Additionally, Phil Dunster portrays Col. John Armstrong, Daisy's father, while Miranda Raison portrays Sonia Armstrong, Daisy's mother.

Production 
20th Century Fox announced the project in December 2013. Michael Green wrote the screenplay for a new film adaptation of Murder on the Orient Express. On June 16, 2015, it was reported Fox was in talks with Kenneth Branagh to direct. On November 20, 2015, it was announced that Branagh would both direct the film and star in the role of detective Hercule Poirot. He later said that he "enjoyed finding the sort of obsessive-compulsive in [Poirot] rather than the dandy."

In June 2016, Angelina Jolie entered into "talks" to join the cast of the film, in the role of Mrs Caroline Hubbard. However, it was later reported that Jolie had passed on the role and that Charlize Theron, among others, was in consideration for the role. In August 2016, Leslie Odom Jr. joined the cast. In September 2016, Tom Bateman, Johnny Depp, Michelle Pfeiffer, Daisy Ridley, Michael Peña, Judi Dench, Lucy Boynton and Derek Jacobi joined the cast.
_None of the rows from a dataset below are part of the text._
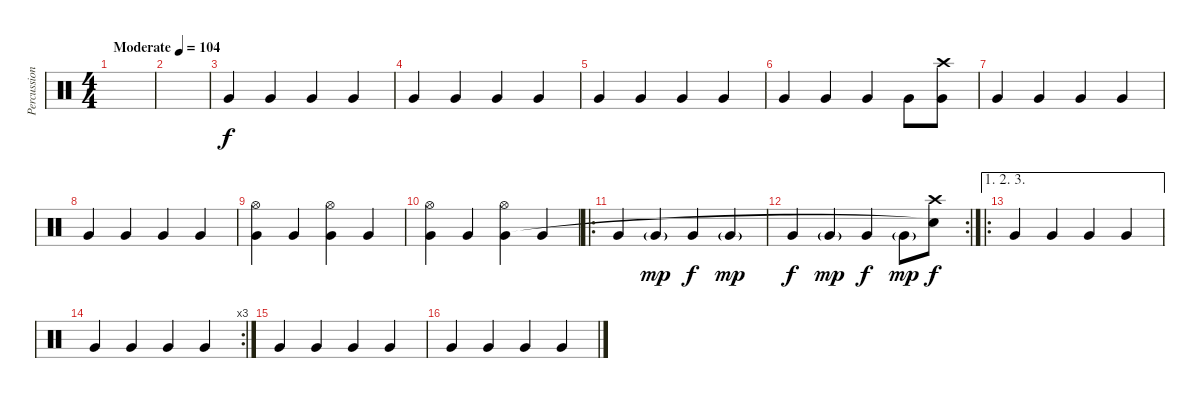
\track ("Percussion" "Percussion") {instrument percussion}
\staff {score}
\articulation defaults
\ts (4 4)
\tempo (104 "Moderate")
\clef neutral
\ks c
|
|
"Very Low Tom (hit)".4 "Very Low Tom (hit)".4 "Very Low Tom (hit)".4 "Very Low Tom (hit)".4 |
"Very Low Tom (hit)".4 "Very Low Tom (hit)".4 "Very Low Tom (hit)".4 "Very Low Tom (hit)".4 |
"Very Low Tom (hit)".4 "Very Low Tom (hit)".4 "Very Low Tom (hit)".4 "Very Low Tom (hit)".4 |
"Very Low Tom (hit)".4 "Very Low Tom (hit)".4 "Very Low Tom (hit)".4 "Very Low Tom (hit)".8 ("Crash high (hit)" "Very Low Tom (hit)").8 |
"Very Low Tom (hit)".4 "Very Low Tom (hit)".4 "Very Low Tom (hit)".4 "Very Low Tom (hit)".4 |
"Very Low Tom (hit)".4 "Very Low Tom (hit)".4 "Very Low Tom (hit)".4 "Very Low Tom (hit)".4 |
("Hi-Hat (open)" "Very Low Tom (hit)").4 "Very Low Tom (hit)".4 ("Hi-Hat (open)" "Very Low Tom (hit)").4 "Very Low Tom (hit)".4 |
("Hi-Hat (open)" "Very Low Tom (hit)").4 "Very Low Tom (hit)".4 ("Hi-Hat (open)" "Very Low Tom (hit)").4 "Very Low Tom (hit)".4 |
\ro "Very Low Tom (hit)".4 "Very Low Tom (hit)"{g}.4{dy mp} "Very Low Tom (hit)".4{dy f} "Very Low Tom (hit)"{g}.4{dy mp}
|
\rc 2 "Very Low Tom (hit)".4{dy f} "Very Low Tom (hit)"{g}.4{dy mp} "Very Low Tom (hit)".4{dy f} "Very Low Tom (hit)"{g}.8{dy mp}
("Crash high (hit)" "Snare (hit)"{t}).8{dy f} |
\ae (1 2 3)
\ro "Very Low Tom (hit)".4 "Very Low Tom (hit)".4 "Very Low Tom (hit)".4 "Very Low Tom (hit)".4
|
\rc 3 "Very Low Tom (hit)".4 "Very Low Tom (hit)".4 "Very Low Tom (hit)".4 "Very Low Tom (hit)".4
|
"Very Low Tom (hit)".4 "Very Low Tom (hit)".4 "Very Low Tom (hit)".4 "Very Low Tom (hit)".4 |
"Very Low Tom (hit)".4 "Very Low Tom (hit)".4 "Very Low Tom (hit)".4 "Very Low Tom (hit)".4

In October 2016, Josh Gad and Marwan Kenzari joined the cast. In November 2016, Penélope Cruz joined the cast. In December 2016, Sergei Polunin joined the cast. In January 2017, Willem Dafoe and Manuel Garcia-Rulfo joined the cast with the latter replacing Peña, who had dropped out of the project.

Principal photography on the film began on November 22, 2016, in the United Kingdom, and concluded in May 2017. It used some of the same 65mm film cameras as Christopher Nolan's Dunkirk, which Branagh had acted in shortly before the production. The two were among the very few to be shot on 65 mm film since Branagh's Hamlet in 1996, and the only ones released in 2017. While in post-production, Branagh "was Skyped in from thousands of miles away" to watch Pfeiffer record an original song called "Never Forget" for the film's finale. "As soon as we added it on to the end of the film, it joined seamlessly and gave a moment of reflection and consideration that the film needed and wanted," said Branagh.

Release
A first look at the film and cast was released on May 3, 2017, in an exclusive article by Entertainment Weekly.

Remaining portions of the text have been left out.